Huawei Cloud CCE Kubernetes Ingress — 1: ELB Ingress Service with SSL
Introduction
Hi, in this article, I will explain the use of ELB in Huawei Cloud’s CCE service, which creates a Kubernetes environment. Huawei Cloud supports two Ingress directly. The first is ELB Ingress and the other is Nginx Ingress. The ELB Ingress is used in this article.
The architecture below summarizes the topic of this article.
Prerequisites
- Domain Name (You have registered a domain name example.com with a third-party registrar)
- Add a custom domain managed by Huawei Cloud DNS (For detailed information see here)
- SSL Certificate (You can follow here for Certificate steps)
- CCE Cluster Instance with Worker Node (You can follow here to create CCE Instance)
- Stored Containerized Application (Image) in Software Repository (You can follow here to What is SWR? and How are Container Images stored in SWR?)
Connecting to a Cluster Using kubectl
This section shows how to connect to a CCE cluster using kubectl.
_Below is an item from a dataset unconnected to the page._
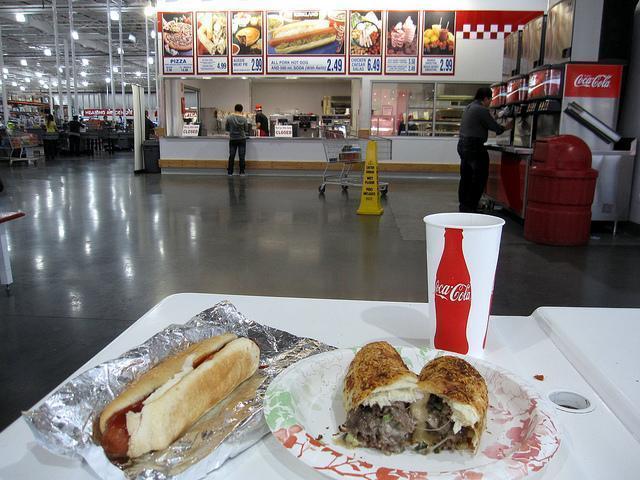Do both options have cheese on them?
Indicate the correct response by choosing from the four available options to answer the question.
Options: Maybe, yes, unsure, no. No. 
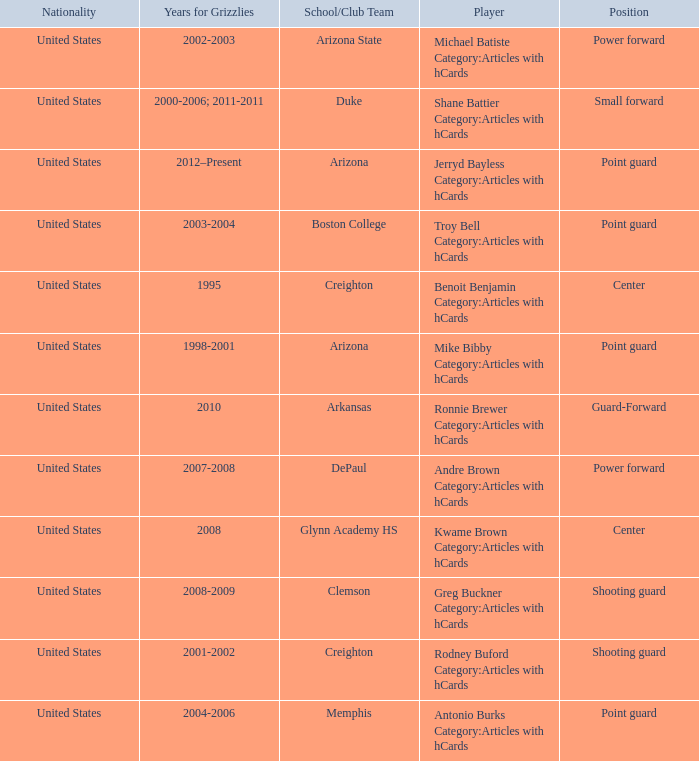Could you parse the entire table as a dict? {'header': ['Nationality', 'Years for Grizzlies', 'School/Club Team', 'Player', 'Position'], 'rows': [['United States', '2002-2003', 'Arizona State', 'Michael Batiste Category:Articles with hCards', 'Power forward'], ['United States', '2000-2006; 2011-2011', 'Duke', 'Shane Battier Category:Articles with hCards', 'Small forward'], ['United States', '2012–Present', 'Arizona', 'Jerryd Bayless Category:Articles with hCards', 'Point guard'], ['United States', '2003-2004', 'Boston College', 'Troy Bell Category:Articles with hCards', 'Point guard'], ['United States', '1995', 'Creighton', 'Benoit Benjamin Category:Articles with hCards', 'Center'], ['United States', '1998-2001', 'Arizona', 'Mike Bibby Category:Articles with hCards', 'Point guard'], ['United States', '2010', 'Arkansas', 'Ronnie Brewer Category:Articles with hCards', 'Guard-Forward'], ['United States', '2007-2008', 'DePaul', 'Andre Brown Category:Articles with hCards', 'Power forward'], ['United States', '2008', 'Glynn Academy HS', 'Kwame Brown Category:Articles with hCards', 'Center'], ['United States', '2008-2009', 'Clemson', 'Greg Buckner Category:Articles with hCards', 'Shooting guard'], ['United States', '2001-2002', 'Creighton', 'Rodney Buford Category:Articles with hCards', 'Shooting guard'], ['United States', '2004-2006', 'Memphis', 'Antonio Burks Category:Articles with hCards', 'Point guard']]} Which Player has Years for Grizzlies of 2002-2003? Michael Batiste Category:Articles with hCards.

To bind a public IP (EIP) to the cluster, go to the cluster details page and click Bind next to EIP in the Connection Information pane. In a cluster with an EIP bound, kube-apiserver will be exposed to public networks.
After connecting public IP address, download kubectl configuration file from Learn More next to kubectl.
- The kubectl configuration file kubeconfig.json is used for cluster authentication.
- The Kubernetes permissions assigned by the configuration file downloaded by IAM users are the same as those assigned to the IAM users on the CCE console.
mv -f kubeconfig.json $HOME/.kube/config
After moving the kubectl configuration file to the required directory, let’s run the following command line. By default, external will be selected. Here you will see three different contexts; external, externalTLSVerify and internal. Since we are bind public IP, we can access Cluster in Huawei Cloud with external.
kubectl config get-context
If external is not selected, run the following command line.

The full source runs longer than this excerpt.